Regular sources of information:
- Personal data is collected directly from the data subject when the data subject registers or uses the service; send your own or contact information or make a request for any information; shows interest in cooperation; places an order; concludes a contract; participates in events or otherwise communicates with the data controller in person, by phone or digitally.
- Personal data can also be received from the direct employer of the data subject, in the case of the electronic timekeeping system of its representative, and also when submitting a list of employees at the construction site, based on Cabinet of Minister’s regulations no. 92.
- Personal data may also be collected and updated through the company, etc. websites, open and closed companies and business registers, public authorities, postal operators, public telephone lists, direct marketing, other data intermediaries, and other similar public and private registers.
Disclosure and transfer of data:
- The data controller may disclose personal data to other companies whose services the data controller uses and enables to use for its employees or those of cooperation partners, for example in the case of using an electronic timekeeping system.
- The data is not disclosed to other persons, except when it is necessary for accordance with the legal or contractual obligations of the data controller, as well as after the requests of the controlling authorities.
Data protection and storage:
- Access to personal data is allowed only to those persons who need data processing as part of their work or other duties. Digital data is protected by passwords and other technical means. All data is protected by physical means of access control.
- After the end of the customer relationship, personal data is stored as long as the contractual and legal rights and obligations are valid, as well as until the end of the retention and liability periods, in accordance with, for example, the Law on Archives, the Law “On Taxes and Fees”, the Law on Construction, the Consumer the law on the protection of rights, the law “On accounting”, the Civil Law and the Civil Procedure Law.

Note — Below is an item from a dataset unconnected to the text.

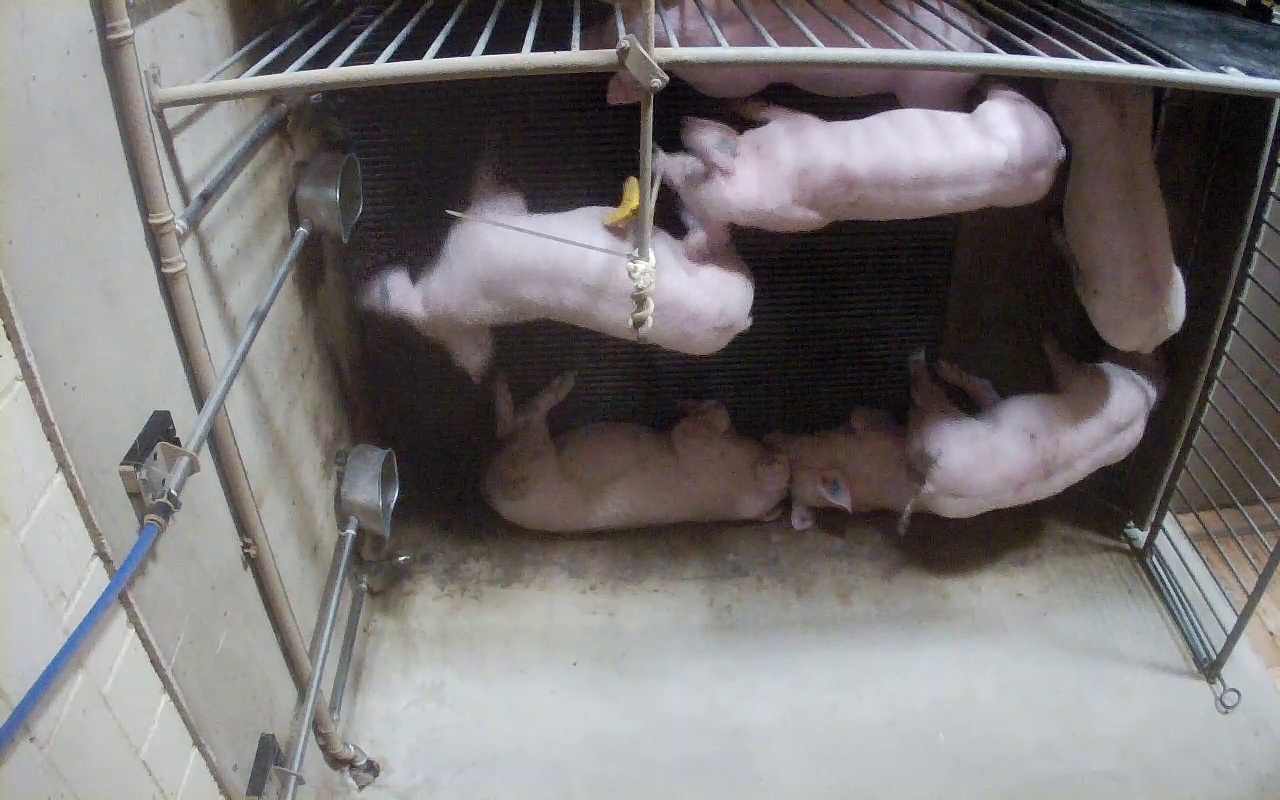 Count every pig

- After the end of the relationship between clients and cooperation partners, the Data Controller can save anonymized data, as well as the aforementioned basic information (except for the personal code) and the data subject’s marketing data for direct marketing purposes.
Data subject access, data correction, and other rights:
- Data subjects have the right to know what type of personal data about a specific subject has been collected and processed by the data controller. At the request of the data subject, we will correct, delete or supplement any incorrect, unnecessary, incomplete, or outdated personal data.
- Data subjects have the right to prohibit the use of data for direct advertising and other forms of direct marketing, as well as to prohibit the use of data in questionnaires and market research.
- Data subjects can also withdraw the consent they have given, object to data processing, or limit their processing in the cases specified by law, and they also have the right to file a complaint with a supervisory authority.
- Requests can be submitted using the contacts indicated in section 1. The data controller may need to ask for additional information to confirm the identity of the data subject. The data controller can ask the data subject to clarify, including extending, the deadline for data processing, including the termination of processing.
Principles of data protection organization:
- Data protection organizations, security policies, and other binding documents are reviewed at least once a year.
- The costs of limiting data security risks and ensuring continuous operation are commensurate with the possible losses that could occur in the event of these risks.
- The manager facilitates the data subject’s understanding of the obligations to ensure the protection of information systems, necessarily introducing the data subject to the security policy and other binding developed documents.
- The manager informs the data subject about data processing security events and incidents that may threaten the data subject’s personal data security within 72 hours of the detection of the incident.